I forgot to mention, if you are really serious about this, you might also want to invest in a heart rate monitor because the ones on the machine aren't always so accurate, especially with ellypticals.


----------



## X4biddenxLustX (Feb 16, 2009)

Quote:

   Originally Posted by *Simply Elegant* 

 
_Yeah the weather can really ruin a good workout.

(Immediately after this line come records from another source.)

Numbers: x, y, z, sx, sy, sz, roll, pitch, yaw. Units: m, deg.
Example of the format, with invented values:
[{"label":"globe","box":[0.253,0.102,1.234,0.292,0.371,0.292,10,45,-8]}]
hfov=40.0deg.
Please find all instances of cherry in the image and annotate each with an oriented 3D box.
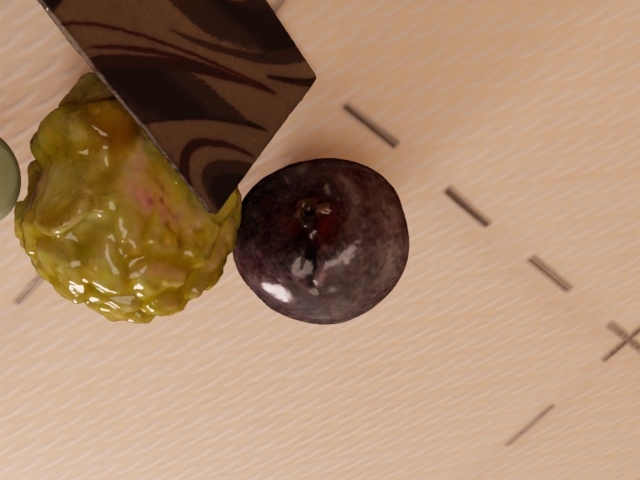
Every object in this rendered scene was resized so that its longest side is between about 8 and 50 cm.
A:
[{"label":"cherry","box":[0.002,0.007,0.964,0.195,0.195,0.195,-5,122,-9]}]

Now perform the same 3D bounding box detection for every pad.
[{"label":"pad","box":[-0.135,-0.211,0.798,0.004,0.220,0.330,-5,132,43]}]

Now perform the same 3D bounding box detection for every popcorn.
[{"label":"popcorn","box":[-0.194,-0.046,0.869,0.212,0.259,0.259,-18,132,43]}]

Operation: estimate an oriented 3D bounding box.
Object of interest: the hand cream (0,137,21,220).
[{"label":"hand cream","box":[-0.419,-0.045,0.848,0.305,0.093,0.147,-7,127,31]}]

I forgot to mention, if you are really serious about this, you might also want to invest in a heart rate monitor because the ones on the machine aren't always so accurate, especially with ellypticals._

 
Yeah those monitors for heart rate, calories burnt, etc are pretty unaccurate. Those things are based on a lot of factors that the work out machine just can't get right, its more of an estimate. Like whenever I go on my stationary bike for an hour it says I have burned 300 calories but in reality I probably only burned half those calories. 
	

	
	
		
		

		
		
	


	




 It's lies I tell ya!


----------



## fingie (Feb 18, 2009)

Im no help as I paid well over $600 for mine too, but I prefer an elliptical 100000%.  I have fluid in my knees and treadmills make my knees swell every.single.time.  Whereas the elliptical is much easier on my knees and I rarely ever get knee pain unless I really tried to push myself to an unreasonable level, haha.


----------